Checklist

[x] 1. I have searched related issues but cannot get the expected help.
[x] 2. The bug has not been fixed in the latest version.
[x] 3. Please note that if the bug-related issue you submitted lacks corresponding environment info and a minimal reproducible demo, it will be challenging for us to reproduce and resolve the issue, reducing the likelihood of receiving feedback.
[x] 4. If the issue you raised is not a bug but a question, please raise a discussion at https://github.com/sgl-project/sglang/discussions/new/choose Otherwise, it will be closed.
[x] 5. Please use English, otherwise it will be closed.

Describe the bug

SGLang adopts FA3 as the default attention backend in its latest release. However, it shows that its performance falls short of expectations, particularly when compared to the FlashInfer attention backend.
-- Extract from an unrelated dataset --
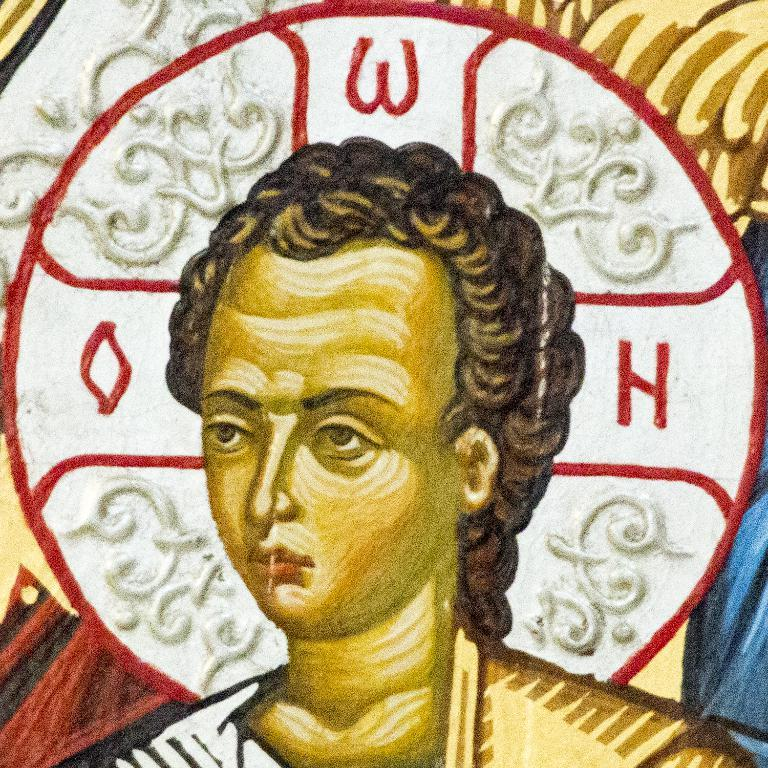What is depicted in the image? There is a painting of a person in the image. Can you describe the background of the painting? There is a design in the background of the painting. What type of pencil is the doctor using in the image? There is no doctor or pencil present in the image; it features a painting of a person with a design in the background.

Performance benchmark was conducted using the Qwen3 models on the Hopper GPUs.

Reproduction

The benchmark script is:

modelscope download --model 'Qwen/Qwen3-235B-A22B' --local_dir '/cpfs01/user/caoyizhong.cyz/Qwen3-Plus++

cd /cpfs01/user/caoyizhong.cyz/0506
export INPUT_LENGTHS=1024
export OUTPUT_LENGTH=20480
export NUM_RUNS=2
export MAX_MODEL_LEN=40960
export BATCH_SIZE=128

type="bf16"
mkdir -p ./type_${type}
mkdir -p ./type_${type}/result
mkdir -p ./type_${type}/log

export MEM_FRACTION_STATIC=0.85

for name in "Plus++";
do
    export ATTENTION_BACKEND="flashinfer"
    export TP_SIZE=8
    export MODEL_PATH=/cpfs01/user/caoyizhong.cyz/Qwen3-Plus++
    export QUANTIZATION=None
    export OUTPUT_PATH=./type_${type}/result/result_${name}_tp${TP_SIZE}_${MEM_FRACTION_STATIC}_$(date +%Y%m%d_%H%M%S)_${ATTENTION_BACKEND}.json
    export LOG_FILE=./type_${type}/log/log_${name}_tp${TP_SIZE}_${MEM_FRACTION_STATIC}_$(date +%Y%m%d_%H%M%S)_${ATTENTION_BACKEND}.log
    python ./benchmark.py --input-lengths $INPUT_LENGTHS --output-length $OUTPUT_LENGTH --num-runs $NUM_RUNS --model-path $MODEL_PATH --max-model-len $MAX_MODEL_LEN --quantization $QUANTIZATION --tp-size $TP_SIZE  --output-path $OUTPUT_PATH --num-runs $NUM_RUNS --mem-fraction-static $MEM_FRACTION_STATIC --batch-size $BATCH_SIZE --attention-backend $ATTENTION_BACKEND 2>&1 | tee $LOG_FILE
done

for name in "Plus++";
do
    export ATTENTION_BACKEND="fa3"
    export TP_SIZE=8
    export MODEL_PATH=/cpfs01/user/caoyizhong.cyz/Qwen3-Plus++
    export QUANTIZATION=None
    export OUTPUT_PATH=./type_${type}/result/result_${name}_tp${TP_SIZE}_${MEM_FRACTION_STATIC}_$(date +%Y%m%d_%H%M%S)_${ATTENTION_BACKEND}.json
    export LOG_FILE=./type_${type}/log/log_${name}_tp${TP_SIZE}_${MEM_FRACTION_STATIC}_$(date +%Y%m%d_%H%M%S)_${ATTENTION_BACKEND}.log
    python ./benchmark.py --input-lengths $INPUT_LENGTHS --output-length $OUTPUT_LENGTH --num-runs $NUM_RUNS --model-path $MODEL_PATH --max-model-len $MAX_MODEL_LEN --quantization $QUANTIZATION --tp-size $TP_SIZE  --output-path $OUTPUT_PATH --num-runs $NUM_RUNS --mem-fraction-static $MEM_FRACTION_STATIC --batch-size $BATCH_SIZE --attention-backend $ATTENTION_BACKEND 2>&1 | tee $LOG_FILE
done

The benchmark.py is:

import time
import json
import argparse
from sglang.srt.entrypoints.engine import Engine
import os
import fcntl
import errno
import random
from contextlib import contextmanager

@contextmanager
def file_lock(file_path):
    """文件锁上下文管理器"""
    lock_file = file_path + '.lock'
    while True:
        try:
            fd = os.open(lock_file, os.O_CREAT | os.O_EXCL | os.O_RDWR)
            break
        except OSError as e:
            if e.errno != errno.EEXIST:
                raise
            time.sleep(0.1)
    try:
        yield
    finally:
        try:
            os.unlink(lock_file)
            os.close(fd)
        except OSError:
            pass

def generate_random_list(length):
    return [random.randint(0, 10000) for _ in range(length)]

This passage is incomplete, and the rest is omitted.